*What you need to do*:
Repeat each line of the records below exactly.

*Supplied entries*:
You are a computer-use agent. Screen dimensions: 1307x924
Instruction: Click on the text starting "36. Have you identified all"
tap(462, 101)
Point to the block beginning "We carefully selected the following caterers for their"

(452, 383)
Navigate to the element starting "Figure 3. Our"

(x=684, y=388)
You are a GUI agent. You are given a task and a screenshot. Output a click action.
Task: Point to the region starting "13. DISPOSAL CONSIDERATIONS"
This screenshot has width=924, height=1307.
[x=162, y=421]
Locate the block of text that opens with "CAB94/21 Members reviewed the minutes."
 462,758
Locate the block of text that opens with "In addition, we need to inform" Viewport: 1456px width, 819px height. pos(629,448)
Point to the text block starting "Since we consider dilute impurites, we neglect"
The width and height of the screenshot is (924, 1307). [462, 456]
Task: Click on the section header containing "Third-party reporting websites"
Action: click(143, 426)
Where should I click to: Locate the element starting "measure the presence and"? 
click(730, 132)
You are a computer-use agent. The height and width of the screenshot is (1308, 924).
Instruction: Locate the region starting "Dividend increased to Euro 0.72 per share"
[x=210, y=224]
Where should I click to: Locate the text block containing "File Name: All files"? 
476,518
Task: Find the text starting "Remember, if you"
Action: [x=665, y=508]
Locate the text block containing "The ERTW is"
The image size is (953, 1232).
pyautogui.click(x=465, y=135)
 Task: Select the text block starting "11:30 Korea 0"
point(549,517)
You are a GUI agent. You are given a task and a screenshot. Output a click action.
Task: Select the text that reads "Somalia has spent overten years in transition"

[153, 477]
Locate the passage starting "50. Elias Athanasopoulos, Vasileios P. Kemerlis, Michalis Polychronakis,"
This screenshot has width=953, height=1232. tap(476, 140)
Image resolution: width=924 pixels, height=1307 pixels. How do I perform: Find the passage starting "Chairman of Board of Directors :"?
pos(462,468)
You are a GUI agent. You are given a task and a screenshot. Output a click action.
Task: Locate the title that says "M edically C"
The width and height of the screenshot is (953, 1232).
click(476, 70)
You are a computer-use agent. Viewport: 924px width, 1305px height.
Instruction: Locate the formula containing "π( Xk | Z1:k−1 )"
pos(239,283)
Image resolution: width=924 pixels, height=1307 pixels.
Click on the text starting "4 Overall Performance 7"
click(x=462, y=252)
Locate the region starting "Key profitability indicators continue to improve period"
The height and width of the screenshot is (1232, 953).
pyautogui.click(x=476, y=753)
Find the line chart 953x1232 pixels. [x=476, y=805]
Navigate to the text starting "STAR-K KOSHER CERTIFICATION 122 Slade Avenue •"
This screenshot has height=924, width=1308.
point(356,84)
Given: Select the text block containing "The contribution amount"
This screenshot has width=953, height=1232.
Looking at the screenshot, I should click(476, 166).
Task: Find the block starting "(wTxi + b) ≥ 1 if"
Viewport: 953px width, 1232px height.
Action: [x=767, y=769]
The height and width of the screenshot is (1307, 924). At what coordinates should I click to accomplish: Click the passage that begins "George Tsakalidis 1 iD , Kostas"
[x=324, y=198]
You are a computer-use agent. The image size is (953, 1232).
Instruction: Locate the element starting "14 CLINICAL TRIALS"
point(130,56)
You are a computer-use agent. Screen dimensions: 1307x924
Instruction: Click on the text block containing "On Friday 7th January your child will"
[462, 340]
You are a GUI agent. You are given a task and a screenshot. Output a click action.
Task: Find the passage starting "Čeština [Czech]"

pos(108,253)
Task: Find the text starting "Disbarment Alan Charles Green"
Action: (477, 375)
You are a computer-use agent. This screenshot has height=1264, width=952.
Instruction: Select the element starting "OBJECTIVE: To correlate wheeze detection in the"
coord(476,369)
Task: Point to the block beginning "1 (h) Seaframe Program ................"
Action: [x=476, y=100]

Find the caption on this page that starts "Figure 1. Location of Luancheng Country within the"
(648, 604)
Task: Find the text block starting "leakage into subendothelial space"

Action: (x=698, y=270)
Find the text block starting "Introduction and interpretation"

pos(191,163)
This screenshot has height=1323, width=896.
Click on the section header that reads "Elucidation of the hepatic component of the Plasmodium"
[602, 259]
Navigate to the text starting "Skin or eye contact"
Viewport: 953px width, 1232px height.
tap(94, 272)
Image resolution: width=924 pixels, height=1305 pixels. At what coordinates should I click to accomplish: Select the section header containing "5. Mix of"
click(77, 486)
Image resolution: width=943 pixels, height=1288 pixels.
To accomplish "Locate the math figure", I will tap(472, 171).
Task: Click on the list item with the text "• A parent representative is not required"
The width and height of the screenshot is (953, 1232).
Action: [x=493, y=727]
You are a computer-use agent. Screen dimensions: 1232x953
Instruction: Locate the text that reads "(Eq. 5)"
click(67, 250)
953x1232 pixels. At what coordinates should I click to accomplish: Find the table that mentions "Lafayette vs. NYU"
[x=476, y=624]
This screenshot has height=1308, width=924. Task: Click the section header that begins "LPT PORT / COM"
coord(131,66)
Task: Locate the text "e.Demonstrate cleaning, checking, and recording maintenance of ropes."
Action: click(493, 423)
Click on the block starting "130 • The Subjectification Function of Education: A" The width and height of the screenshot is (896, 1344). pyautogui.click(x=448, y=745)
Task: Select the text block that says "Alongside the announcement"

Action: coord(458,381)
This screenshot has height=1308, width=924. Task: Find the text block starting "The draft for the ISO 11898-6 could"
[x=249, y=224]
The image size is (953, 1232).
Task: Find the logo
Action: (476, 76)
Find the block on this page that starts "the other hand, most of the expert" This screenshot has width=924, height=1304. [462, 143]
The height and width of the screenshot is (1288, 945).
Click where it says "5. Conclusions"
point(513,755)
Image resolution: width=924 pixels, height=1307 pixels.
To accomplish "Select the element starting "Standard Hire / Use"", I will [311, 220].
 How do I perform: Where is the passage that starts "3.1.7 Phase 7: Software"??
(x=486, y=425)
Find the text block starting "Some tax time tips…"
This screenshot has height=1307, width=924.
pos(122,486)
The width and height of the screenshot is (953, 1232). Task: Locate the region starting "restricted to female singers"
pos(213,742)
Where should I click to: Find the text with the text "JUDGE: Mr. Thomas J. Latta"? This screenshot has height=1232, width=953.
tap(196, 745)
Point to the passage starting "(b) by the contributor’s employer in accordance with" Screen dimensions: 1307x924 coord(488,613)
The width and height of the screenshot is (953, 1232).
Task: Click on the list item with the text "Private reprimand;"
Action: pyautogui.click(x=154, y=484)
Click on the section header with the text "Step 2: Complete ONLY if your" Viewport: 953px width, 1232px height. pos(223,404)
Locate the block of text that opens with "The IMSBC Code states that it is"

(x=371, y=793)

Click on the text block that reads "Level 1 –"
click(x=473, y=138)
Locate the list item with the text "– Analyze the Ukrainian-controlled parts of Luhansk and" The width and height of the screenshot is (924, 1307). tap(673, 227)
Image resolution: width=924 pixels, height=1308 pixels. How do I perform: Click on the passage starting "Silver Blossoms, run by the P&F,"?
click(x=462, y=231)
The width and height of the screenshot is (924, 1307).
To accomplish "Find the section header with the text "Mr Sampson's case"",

*Solution for this problem*:
You are a computer-use agent. Screen dimensions: 1307x924
Instruction: Click on the text starting "36. Have you identified all"
tap(462, 101)
Point to the block beginning "We carefully selected the following caterers for their"

(452, 383)
Navigate to the element starting "Figure 3. Our"

(x=684, y=388)
You are a GUI agent. You are given a task and a screenshot. Output a click action.
Task: Point to the region starting "13. DISPOSAL CONSIDERATIONS"
This screenshot has width=924, height=1307.
[x=162, y=421]
Locate the block of text that opens with "CAB94/21 Members reviewed the minutes."
 462,758
Locate the block of text that opens with "In addition, we need to inform" Viewport: 1456px width, 819px height. pos(629,448)
Point to the text block starting "Since we consider dilute impurites, we neglect"
The width and height of the screenshot is (924, 1307). [462, 456]
Task: Click on the section header containing "Third-party reporting websites"
Action: click(143, 426)
Where should I click to: Locate the element starting "measure the presence and"? 
click(730, 132)
You are a computer-use agent. The height and width of the screenshot is (1308, 924).
Instruction: Locate the region starting "Dividend increased to Euro 0.72 per share"
[x=210, y=224]
Where should I click to: Locate the text block containing "File Name: All files"? 
476,518
Task: Find the text starting "Remember, if you"
Action: [x=665, y=508]
Locate the text block containing "The ERTW is"
The image size is (953, 1232).
pyautogui.click(x=465, y=135)
 Task: Select the text block starting "11:30 Korea 0"
point(549,517)
You are a GUI agent. You are given a task and a screenshot. Output a click action.
Task: Select the text that reads "Somalia has spent overten years in transition"

[153, 477]
Locate the passage starting "50. Elias Athanasopoulos, Vasileios P. Kemerlis, Michalis Polychronakis,"
This screenshot has width=953, height=1232. tap(476, 140)
Image resolution: width=924 pixels, height=1307 pixels. How do I perform: Find the passage starting "Chairman of Board of Directors :"?
pos(462,468)
You are a GUI agent. You are given a task and a screenshot. Output a click action.
Task: Locate the title that says "M edically C"
The width and height of the screenshot is (953, 1232).
click(476, 70)
You are a computer-use agent. Viewport: 924px width, 1305px height.
Instruction: Locate the formula containing "π( Xk | Z1:k−1 )"
pos(239,283)
Image resolution: width=924 pixels, height=1307 pixels.
Click on the text starting "4 Overall Performance 7"
click(x=462, y=252)
Locate the region starting "Key profitability indicators continue to improve period"
The height and width of the screenshot is (1232, 953).
pyautogui.click(x=476, y=753)
Find the line chart 953x1232 pixels. [x=476, y=805]
Navigate to the text starting "STAR-K KOSHER CERTIFICATION 122 Slade Avenue •"
This screenshot has height=924, width=1308.
point(356,84)
Given: Select the text block containing "The contribution amount"
This screenshot has width=953, height=1232.
Looking at the screenshot, I should click(476, 166).
Task: Find the block starting "(wTxi + b) ≥ 1 if"
Viewport: 953px width, 1232px height.
Action: [x=767, y=769]
The height and width of the screenshot is (1307, 924). At what coordinates should I click to accomplish: Click the passage that begins "George Tsakalidis 1 iD , Kostas"
[x=324, y=198]
You are a computer-use agent. The image size is (953, 1232).
Instruction: Locate the element starting "14 CLINICAL TRIALS"
point(130,56)
You are a computer-use agent. Screen dimensions: 1307x924
Instruction: Click on the text block containing "On Friday 7th January your child will"
[462, 340]
You are a GUI agent. You are given a task and a screenshot. Output a click action.
Task: Find the passage starting "Čeština [Czech]"

pos(108,253)
Task: Find the text starting "Disbarment Alan Charles Green"
Action: (477, 375)
You are a computer-use agent. This screenshot has height=1264, width=952.
Instruction: Select the element starting "OBJECTIVE: To correlate wheeze detection in the"
coord(476,369)
Task: Point to the block beginning "1 (h) Seaframe Program ................"
Action: [x=476, y=100]

Find the caption on this page that starts "Figure 1. Location of Luancheng Country within the"
(648, 604)
Task: Find the text block starting "leakage into subendothelial space"

Action: (x=698, y=270)
Find the text block starting "Introduction and interpretation"

pos(191,163)
This screenshot has height=1323, width=896.
Click on the section header that reads "Elucidation of the hepatic component of the Plasmodium"
[602, 259]
Navigate to the text starting "Skin or eye contact"
Viewport: 953px width, 1232px height.
tap(94, 272)
Image resolution: width=924 pixels, height=1305 pixels. At what coordinates should I click to accomplish: Select the section header containing "5. Mix of"
click(77, 486)
Image resolution: width=943 pixels, height=1288 pixels.
To accomplish "Locate the math figure", I will tap(472, 171).
Task: Click on the list item with the text "• A parent representative is not required"
The width and height of the screenshot is (953, 1232).
Action: [x=493, y=727]
You are a computer-use agent. Screen dimensions: 1232x953
Instruction: Locate the text that reads "(Eq. 5)"
click(67, 250)
953x1232 pixels. At what coordinates should I click to accomplish: Find the table that mentions "Lafayette vs. NYU"
[x=476, y=624]
This screenshot has height=1308, width=924. Task: Click the section header that begins "LPT PORT / COM"
coord(131,66)
Task: Locate the text "e.Demonstrate cleaning, checking, and recording maintenance of ropes."
Action: click(493, 423)
Click on the block starting "130 • The Subjectification Function of Education: A" The width and height of the screenshot is (896, 1344). pyautogui.click(x=448, y=745)
Task: Select the text block that says "Alongside the announcement"

Action: coord(458,381)
This screenshot has height=1308, width=924. Task: Find the text block starting "The draft for the ISO 11898-6 could"
[x=249, y=224]
The image size is (953, 1232).
Task: Find the logo
Action: (476, 76)
Find the block on this page that starts "the other hand, most of the expert" This screenshot has width=924, height=1304. [462, 143]
The height and width of the screenshot is (1288, 945).
Click where it says "5. Conclusions"
point(513,755)
Image resolution: width=924 pixels, height=1307 pixels.
To accomplish "Select the element starting "Standard Hire / Use"", I will [311, 220].
 How do I perform: Where is the passage that starts "3.1.7 Phase 7: Software"??
(x=486, y=425)
Find the text block starting "Some tax time tips…"
This screenshot has height=1307, width=924.
pos(122,486)
The width and height of the screenshot is (953, 1232). Task: Locate the region starting "restricted to female singers"
pos(213,742)
Where should I click to: Find the text with the text "JUDGE: Mr. Thomas J. Latta"? This screenshot has height=1232, width=953.
tap(196, 745)
Point to the passage starting "(b) by the contributor’s employer in accordance with" Screen dimensions: 1307x924 coord(488,613)
The width and height of the screenshot is (953, 1232).
Task: Click on the list item with the text "Private reprimand;"
Action: pyautogui.click(x=154, y=484)
Click on the section header with the text "Step 2: Complete ONLY if your" Viewport: 953px width, 1232px height. pos(223,404)
Locate the block of text that opens with "The IMSBC Code states that it is"

(x=371, y=793)

Click on the text block that reads "Level 1 –"
click(x=473, y=138)
Locate the list item with the text "– Analyze the Ukrainian-controlled parts of Luhansk and" The width and height of the screenshot is (924, 1307). tap(673, 227)
Image resolution: width=924 pixels, height=1308 pixels. How do I perform: Click on the passage starting "Silver Blossoms, run by the P&F,"?
click(x=462, y=231)
The width and height of the screenshot is (924, 1307).
To accomplish "Find the section header with the text "Mr Sampson's case"",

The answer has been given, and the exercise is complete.